Flora hadn’t been back for a month or two, and in that time it was as if the books had spawned. When she looked into the sitting room it was the same: nearly all the surfaces—the side tables, coffee table, and sofas—were covered. A second wall of books as high as her waist had always leaned against the outer one, but now that had grown in height, sagging in places and collapsing in others like a rockslide on a mountain road, and a third buttress was in development, encroaching on the diminishing space. She was surprised Nan hadn’t said anything; her sister would surely have been worried about their father’s state of mind before now.

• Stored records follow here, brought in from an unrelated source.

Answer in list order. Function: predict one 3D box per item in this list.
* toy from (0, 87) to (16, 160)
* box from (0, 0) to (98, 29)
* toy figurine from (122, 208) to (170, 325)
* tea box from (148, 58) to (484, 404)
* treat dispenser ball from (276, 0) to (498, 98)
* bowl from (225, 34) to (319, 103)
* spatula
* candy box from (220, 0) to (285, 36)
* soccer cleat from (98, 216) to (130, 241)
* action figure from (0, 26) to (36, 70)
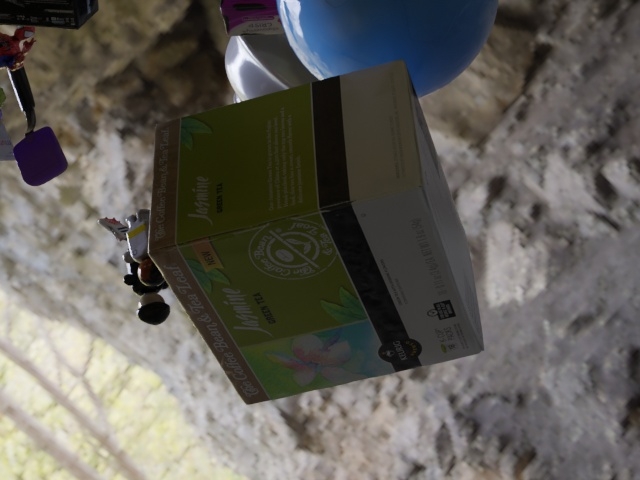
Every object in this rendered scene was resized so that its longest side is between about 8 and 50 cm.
[{"bbox_3d":[-0.573,-0.249,2.137,0.056,0.237,0.137,-28,-5,22],"label":"toy"},{"bbox_3d":[-0.390,-0.358,1.651,0.180,0.147,0.077,4,30,11],"label":"box"},{"bbox_3d":[-0.233,0.039,2.194,0.209,0.213,0.148,106,152,-61],"label":"toy figurine"},{"bbox_3d":[0.000,0.000,1.560,0.323,0.329,0.220,-14,47,12],"label":"tea box"},{"bbox_3d":[0.086,-0.322,1.654,0.288,0.288,0.288,-41,24,22],"label":"treat dispenser ball"},{"bbox_3d":[-0.059,-0.266,2.249,0.134,0.298,0.298,-53,19,24],"label":"bowl"},{"bbox_3d":[-0.500,-0.213,2.183,0.084,0.030,0.296,-30,52,9],"label":"spatula"},{"bbox_3d":[-0.066,-0.423,1.945,0.159,0.071,0.233,-2,59,5],"label":"candy box"},{"bbox_3d":[-0.377,-0.017,2.374,0.029,0.083,0.035,-27,47,43],"label":"soccer cleat"},{"bbox_3d":[-0.543,-0.265,1.960,0.280,0.091,0.139,-43,3,-25],"label":"action figure"}]
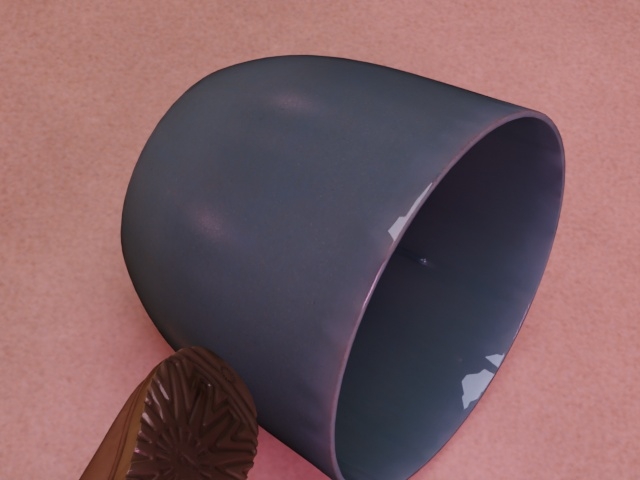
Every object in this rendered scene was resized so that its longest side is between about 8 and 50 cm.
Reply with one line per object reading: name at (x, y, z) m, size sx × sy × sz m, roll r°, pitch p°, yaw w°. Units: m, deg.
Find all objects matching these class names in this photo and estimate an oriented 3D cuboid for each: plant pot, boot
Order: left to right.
boot at (-0.183, 0.194, 1.041) m, size 0.089 × 0.269 × 0.236 m, roll 51°, pitch 31°, yaw -13°
plant pot at (0.000, 0.000, 1.178) m, size 0.235 × 0.293 × 0.293 m, roll 26°, pitch 55°, yaw 25°
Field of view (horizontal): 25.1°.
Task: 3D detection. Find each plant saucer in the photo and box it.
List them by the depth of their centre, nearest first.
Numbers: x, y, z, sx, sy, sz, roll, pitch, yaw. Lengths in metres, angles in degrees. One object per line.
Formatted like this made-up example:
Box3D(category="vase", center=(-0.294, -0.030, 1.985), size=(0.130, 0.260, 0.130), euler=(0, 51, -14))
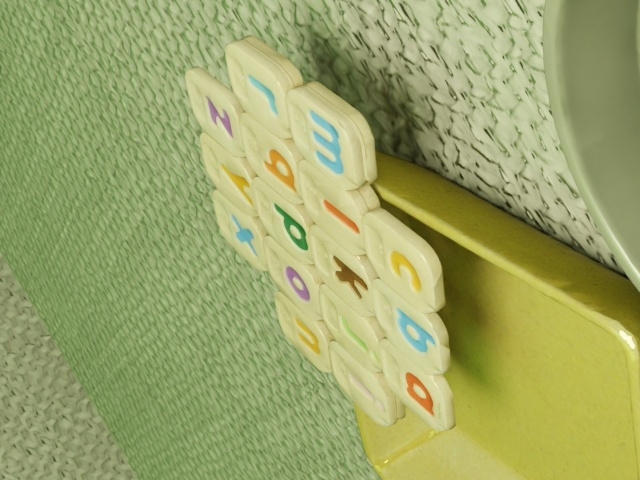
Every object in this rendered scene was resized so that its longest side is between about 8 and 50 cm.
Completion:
Box3D(category="plant saucer", center=(0.131, 0.102, 0.973), size=(0.333, 0.081, 0.333), euler=(33, 146, 46))

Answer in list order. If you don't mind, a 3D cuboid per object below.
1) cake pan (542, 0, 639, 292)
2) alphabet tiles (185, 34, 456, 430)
Box3D(category="cake pan", center=(0.218, -0.040, 0.644), size=(0.293, 0.054, 0.293), euler=(46, 154, 30))
Box3D(category="alphabet tiles", center=(0.000, 0.000, 0.990), size=(0.278, 0.021, 0.284), euler=(40, 151, 40))
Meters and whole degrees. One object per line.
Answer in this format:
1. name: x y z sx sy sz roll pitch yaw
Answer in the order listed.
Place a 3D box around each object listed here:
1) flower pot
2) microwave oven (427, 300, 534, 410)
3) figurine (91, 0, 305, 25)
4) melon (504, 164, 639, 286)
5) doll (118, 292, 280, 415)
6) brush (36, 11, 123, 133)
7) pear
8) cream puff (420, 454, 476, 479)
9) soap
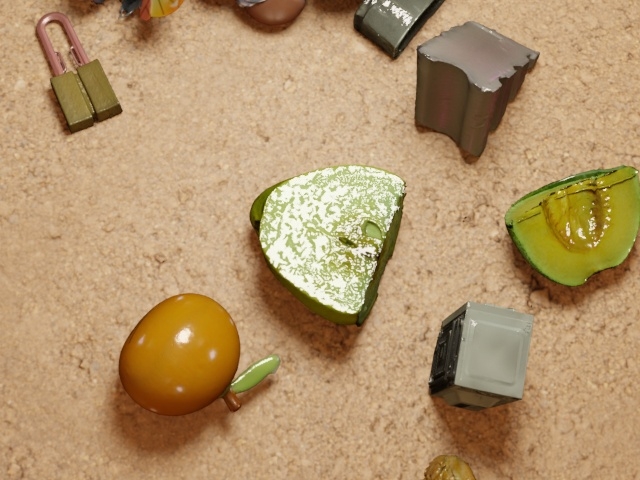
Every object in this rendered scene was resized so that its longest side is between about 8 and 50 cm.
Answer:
1. flower pot: 0.168 -0.466 1.920 0.108 0.103 0.229 36 76 5
2. microwave oven: 0.264 0.198 1.710 0.122 0.208 0.162 13 75 -2
3. figurine: -0.229 -0.526 1.851 0.388 0.248 0.276 -9 80 3
4. melon: 0.451 -0.017 1.834 0.265 0.129 0.169 -24 102 -13
5. doll: -0.207 0.207 1.679 0.236 0.213 0.213 39 76 -7
6. brush: -0.456 -0.321 1.859 0.103 0.047 0.233 -24 79 -10
7. pear: 0.000 0.000 1.765 0.292 0.159 0.292 1 73 -5
8. cream puff: 0.220 0.421 1.705 0.104 0.119 0.133 -27 52 7
9. soap: 0.286 -0.325 1.803 0.159 0.302 0.257 32 76 11
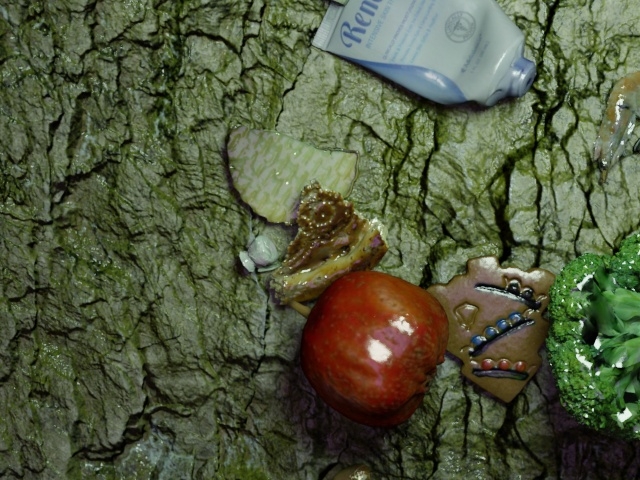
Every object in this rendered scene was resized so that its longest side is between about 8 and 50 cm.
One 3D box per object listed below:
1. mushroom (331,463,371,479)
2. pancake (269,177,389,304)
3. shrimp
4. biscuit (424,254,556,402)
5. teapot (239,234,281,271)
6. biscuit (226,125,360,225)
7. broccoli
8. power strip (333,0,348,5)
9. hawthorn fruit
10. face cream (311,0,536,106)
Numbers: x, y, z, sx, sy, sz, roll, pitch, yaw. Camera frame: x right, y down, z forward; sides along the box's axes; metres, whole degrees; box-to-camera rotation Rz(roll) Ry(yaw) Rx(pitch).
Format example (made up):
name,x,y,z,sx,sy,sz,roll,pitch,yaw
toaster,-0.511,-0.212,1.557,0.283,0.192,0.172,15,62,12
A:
name,x,y,z,sx,sy,sz,roll,pitch,yaw
mushroom,0.108,0.557,1.779,0.084,0.071,0.209,-36,95,-21
pancake,0.000,0.000,1.696,0.266,0.057,0.244,-20,116,2
shrimp,0.589,-0.209,1.627,0.126,0.047,0.223,16,98,-5
biscuit,0.352,0.176,1.706,0.278,0.043,0.301,-14,95,10
teapot,-0.122,0.034,1.749,0.064,0.064,0.083,-32,122,18
biscuit,-0.066,-0.123,1.729,0.273,0.036,0.187,16,99,5
broccoli,0.567,0.179,1.548,0.310,0.321,0.413,24,59,37
power strip,-0.013,-0.522,1.659,0.227,0.029,0.080,26,100,12
hawthorn fruit,0.074,0.190,1.648,0.330,0.287,0.287,27,100,19
face cream,0.211,-0.390,1.635,0.420,0.137,0.235,30,102,15
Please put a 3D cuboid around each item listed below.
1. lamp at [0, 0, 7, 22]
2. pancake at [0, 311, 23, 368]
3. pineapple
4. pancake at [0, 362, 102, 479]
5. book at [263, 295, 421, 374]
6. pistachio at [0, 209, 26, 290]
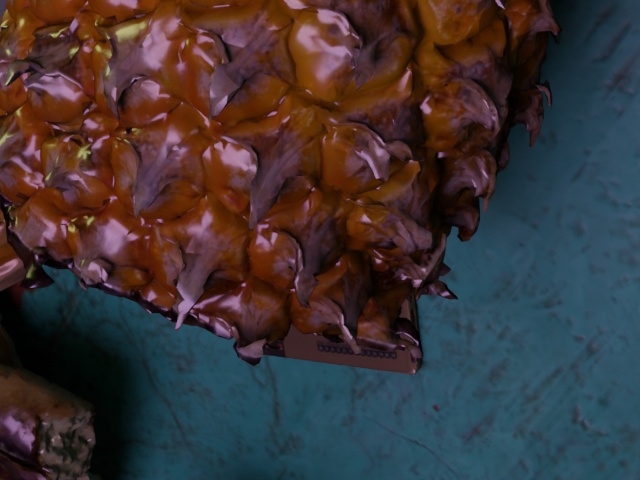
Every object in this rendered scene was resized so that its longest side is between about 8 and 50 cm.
[{"bbox_3d":[-0.255,-0.281,1.143,0.266,0.047,0.269,42,127,8],"label":"lamp"},{"bbox_3d":[-0.407,0.110,1.414,0.387,0.082,0.387,11,124,17],"label":"pancake"},{"bbox_3d":[-0.024,-0.119,0.938,0.352,0.352,0.300,32,113,12],"label":"pineapple"},{"bbox_3d":[-0.356,0.201,1.359,0.426,0.067,0.305,2,128,23],"label":"pancake"},{"bbox_3d":[0.000,0.000,1.169,0.138,0.016,0.199,5,117,27],"label":"book"},{"bbox_3d":[-0.268,-0.036,1.220,0.229,0.157,0.157,-23,102,16],"label":"pistachio"}]
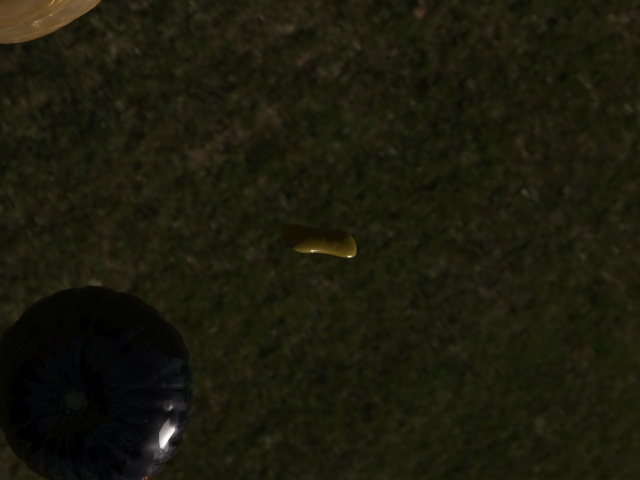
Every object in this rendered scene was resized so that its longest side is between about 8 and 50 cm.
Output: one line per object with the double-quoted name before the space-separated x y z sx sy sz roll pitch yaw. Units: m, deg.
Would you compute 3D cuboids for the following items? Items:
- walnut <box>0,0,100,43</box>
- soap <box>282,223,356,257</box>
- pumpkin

From the doorway, Flora saw that the record player was clear of books and a record had been left on the turntable. Just for the sound of something so she wasn’t alone in the house, she made her way across the room and switched it on, and a guitar started, a man sang. She picked up the album cover—one she hadn’t seen before among her father’s collection—showing a man sitting at a kitchen table, pots and pans hanging above his head. Townes Van Zandt was written along the bottom. She turned the volume up so she would be able to hear it through the house, and then she flicked the sitting-room light off and went down the hall. There were fewer books in the kitchen, but they still hugged the walls, cluttered the table, and roosted on the counter. These had strips of newspaper, hanging out like loose grey tongues marking pages. Flora picked up a brick-red hardback without a jacket, its cover worn in places to brown suede: Queer Fish by E. G. Boulenger. She flicked through it and one of the homemade bookmarks fluttered to the floor. She stopped somewhere in the middle and held the book up to her nose—dust, memories, and the smell and colour of vanilla. She found a pen and at the bottom of the page drew a phalanx of fish dropping from a rain cloud. She closed the book, replaced it, and checked in the fridge: a bottle of milk in the door, four eggs in a box, an opened packet of smoked bacon secured with a pink elastic band that the postman must have dropped. Flora sniffed the milk, filled the kettle, and spooned leaves into a teapot.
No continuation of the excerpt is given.